Tony hesitates while McGee and Palmer move towards the door; she nods and gives his hand an answering squeeze. She doesn't know what Ducky has in mind and she doesn't know if she's up for another round of emotional explosion, but she trusts Ducky. Tony eventually unentangles his fingers from hers and shuffles out of the room.
She watches his retreat, wondering when they started spending so much time together.
Ducky sinks down onto her bed. "Where does it hurt?" he asks quietly, and she knows he's not talking about her stitches.
"Everywhere." It's probably the most truthful answer she can give him. "Everything hurts. I used to be able to…fight several men. At the same time. Now, I cannot even stretch forward to take a book."
"You have not lost your skills, Ziva."
"No. I have only lost the opportunity to use them."
"Do you really think so?"
"I can't work…knowing that I have this hanging over my head. I'll have to schedule my life around chemotherapy and doctor's visits and the hope that I do not relapse. How can I do everything that work will require, knowing I have to constantly pay attention to these things? I will have to keep taking days off, and while I'm having chemo and recovering from my surgery I will not be able to do things like I used to."
"The effects from the surgery and the chemotherapy will wear off eventually."
"Yes. But what if I relapse?"
"Then we shall have to do it again. But Ziva, there is no point in worrying about something that has not occurred."
She purses her lips. "I'm merely preparing myself."
"Preparing oneself…means educating oneself. Knowing the symptoms and the stages, and the remission and relapse rates. As I am sure, you are well aware of them. You are prepared. Preparing oneself does not mean worrying. It is like crossing a road, Ziva. There is always a possibility of being hit. When we are prepared, we look left and right and make sure that there are no cars before crossing. We do not wait because we are afraid of being hit, because then we might never get across."

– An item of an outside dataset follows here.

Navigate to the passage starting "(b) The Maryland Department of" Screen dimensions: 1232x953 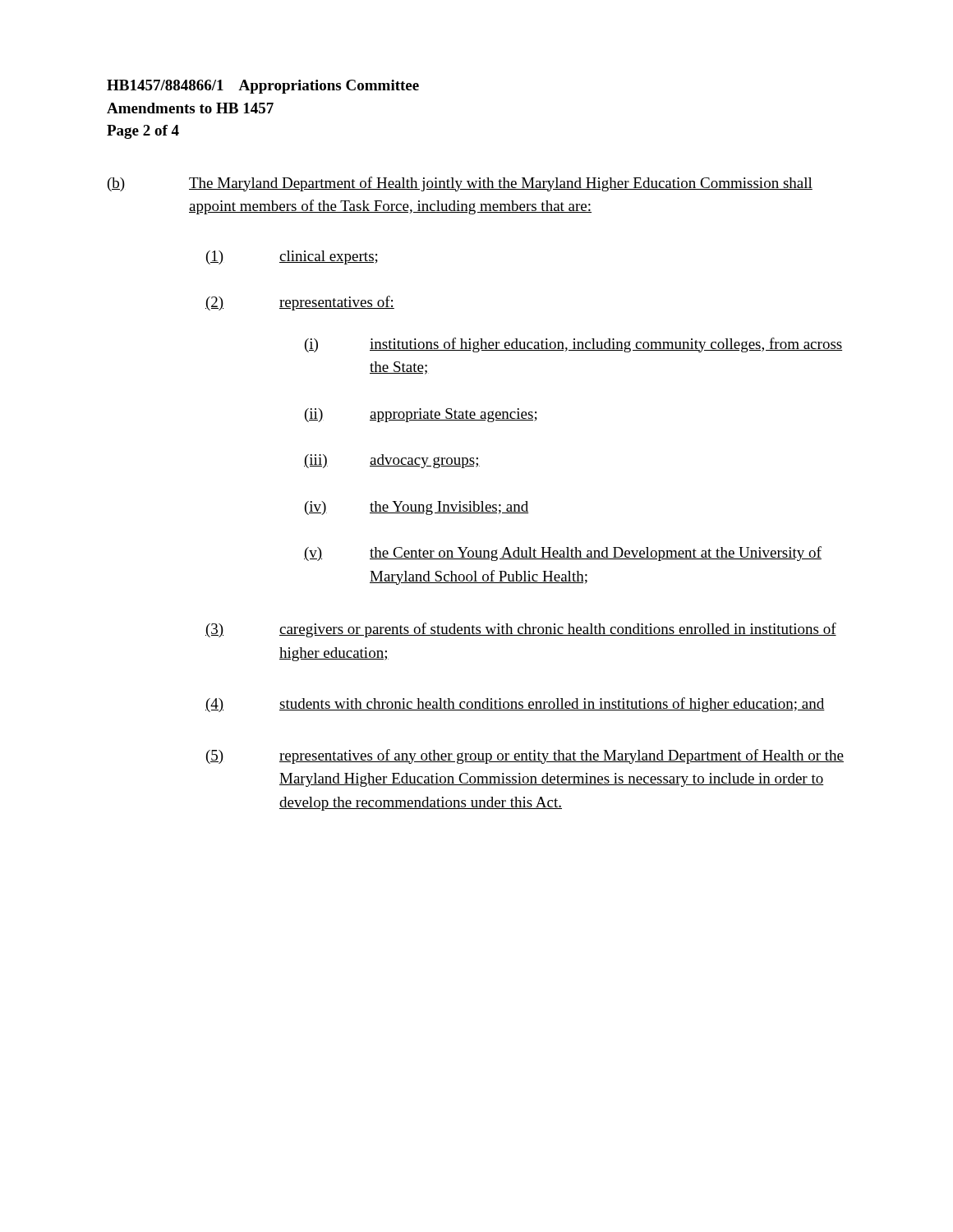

She nods ruefully. Ducky's right, as Abby was. Have they always been that wise, or had she simply lost perspective? "Ducky…I lost…my will to live."
"How do you mean, my dear?"
"These…few weeks…I've been doing everything because I should, but I don't really want to do them. I don't even know why I took the surgery…I think it was an automatic decision."

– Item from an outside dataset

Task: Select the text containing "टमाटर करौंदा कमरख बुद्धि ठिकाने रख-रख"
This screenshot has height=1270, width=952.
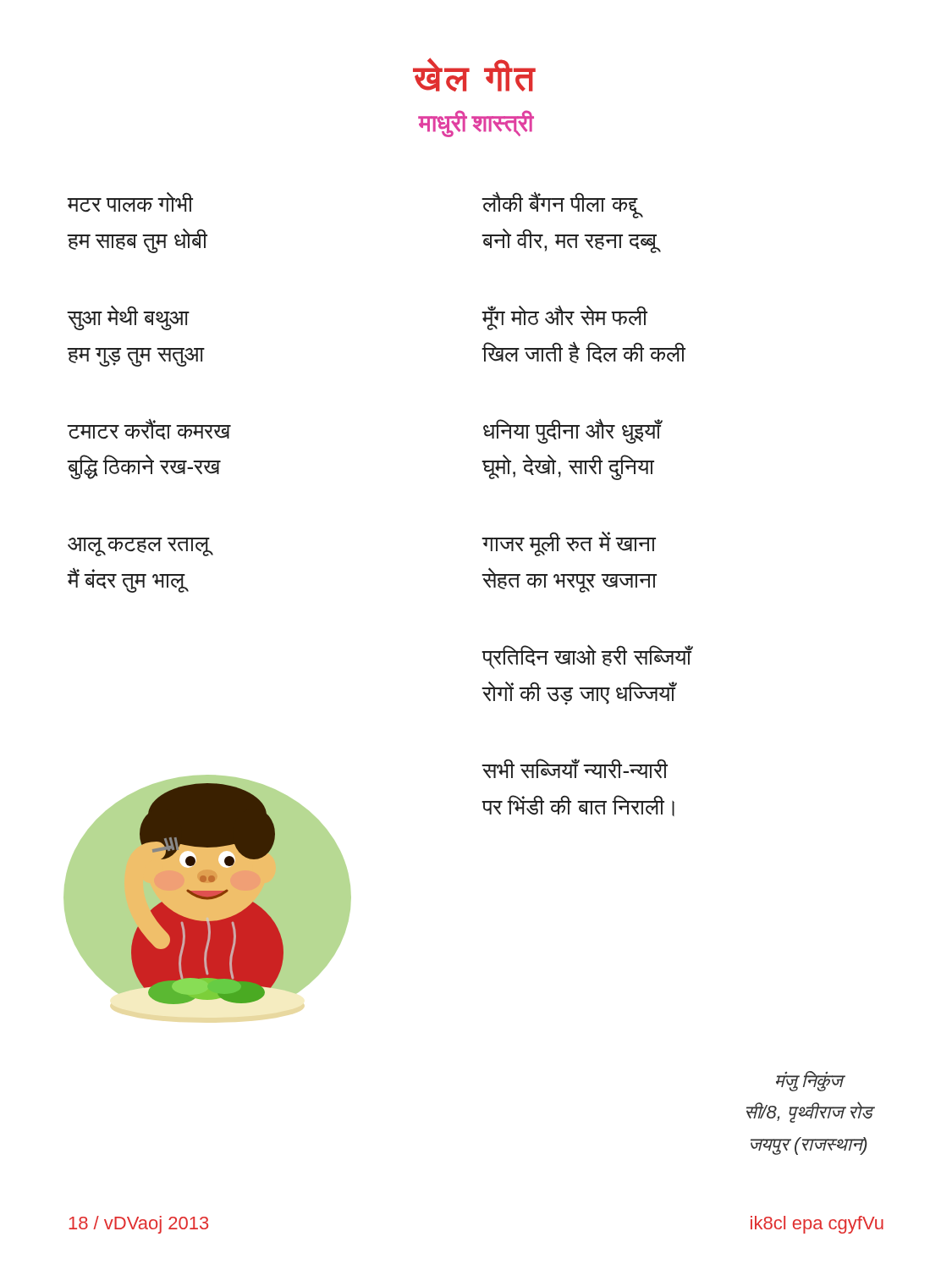Action: click(149, 449)

"Perhaps you still have the will to live, if you took the surgery."
She shakes her head. "My thoughts were all about dying. Not that I wanted to die, but they kept coming to me."
"Ahhh, well, you've had a difficult time. Preoccupation with death, Ziva, is normal when we're facing something that might potentially be fatal."
"It should not be."
"Perhaps so, and perhaps not. It's simply an evolutionary mechanism. We cannot stay alive by ignoring the threats to our survival. But we also cannot stay alive by thinking only about the thing that threatens our survival. Imagine if you are to face down a criminal who's holding a gun by focusing only on him. You will forget how you are supposed to react. You will forget the knife hidden at your waist and the gun strapped to your ankle, and the escape route behind him. Ziva, you remember those things in such situations now because you have been trained to remember them. You have not been trained to face cancer. So it is normal for you to forget. But if you can tell me this now, about your having lost the will to live, then perhaps it means you've not completely forgotten. After all, we cannot find what we don't know we've lost."
"I had some help from Abby with that."
"Well, my dear, we are here for you."
She's surprised when her eyes tear up again at that. She's starting to forget why she'd kept this from them; why she'd refused to let Gibbs and Tony tell them. "Thank you, Ducky."
"Always a pleasure, my girl." Ducky gives her a gentle hug before standing up again. "Now, would you like for the boys to come back in?"